The Workforce Intelligence Engine

Case Study

About

This project focused on designing and implementing a scalable people analytics solution using a modern lakehouse architecture. The goal was to centralize fragmented workforce data and enable reliable, analytics-ready datasets to support HR and Finance reporting. The solution was built on Microsoft Fabric, leveraging pipelines and PySpark notebooks to ingest, transform, and prepare employee and department data for downstream analysis in a structured and repeatable manner

Challenge

The existing data setup presented several limitations that restricted timely workforce insights and operational efficiency:

Manual and Fragmented Data Handling : Employee and department data was delivered as raw files, requiring manual effort to prepare and analyze, increasing the risk of errors and inconsistencies.

Lack of Scalable Analytics :There was no centralized processing layer to support aggregations, joins, and historical workforce analysis as data volumes increased.

Delayed Decision-Making
Key questions around headcount, salary distribution, tenure, and departmental costs required ad hoc analysis, slowing down HR and Finance reporting.

No Reusable Data Pipeline
The absence of a standardized ingestion and transformation process made it difficult to reuse logic or extend analytics for future requirements.

Solution

Designed a data pipeline in Microsoft Fabric to copy raw CSV files into a Lakehouse environment

Used PySpark notebooks to cleanse, transform, and enrich employee and department datasets

Implemented joins, aggregations, window functions, and date-based calculations to support workforce analytics use cases

Created structured, analytics-ready tables that can be reused for reporting and further analysis

Business impact

The implemented lakehouse solution improved the reliability and efficiency of workforce analytics:

Improved Data Availability: Automated ingestion ensured consistent access to employee and department data without manual intervention.

Higher Data Consistency: PySpark-based schema enforcement and transformations reduced data quality issues in analytics outputs.

Faster Workforce Insights: Analytics-ready tables enabled quicker analysis of headcount, salary distribution, and employee tenure.

Scalable Foundation: The pipeline and notebook design supports future data growth and additional analytics use cases.

Employee and department DataFrames are joined using an inner join on department_id to combine related records.
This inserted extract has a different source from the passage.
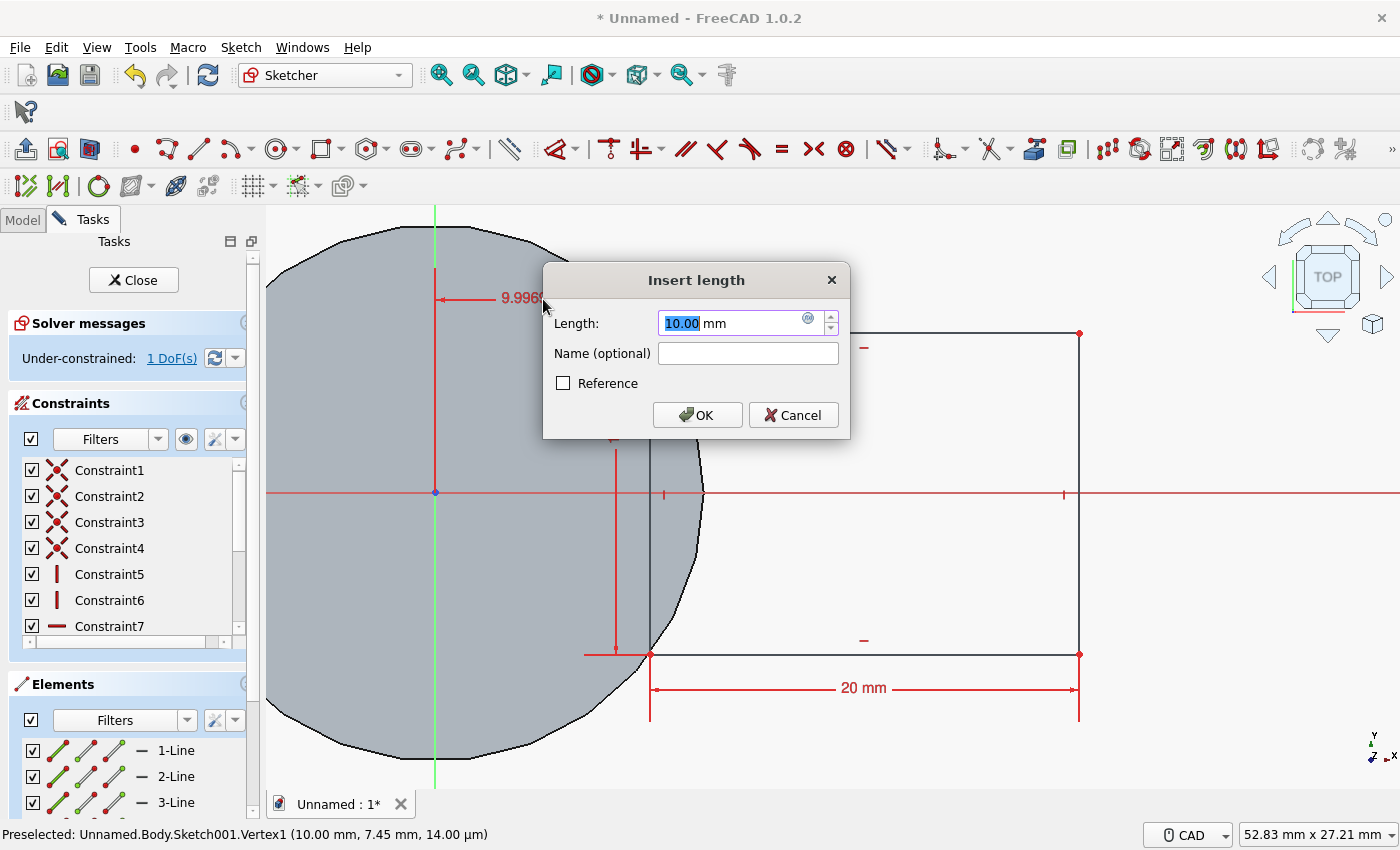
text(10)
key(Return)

This creates a unified dataset that includes both employee details and their corresponding department information for further analysis

Grouped data by department and calculated average salary using aggregation functions, with explicit type casting and rounding for precision. This produces standardized, department-level salary metrics for accurate compensation analysis

Used Window.partitionBy("department_id").orderBy(col("salary").desc()) with the rank() window function to rank employees within each department based on salary. This solves the problem of identifying top-paid employees and comparing compensation levels within the same department

Calculated a running total of employee salaries within each department based on hire date order. This helps analyze how total salary cost grows over time as new employees are added to each department.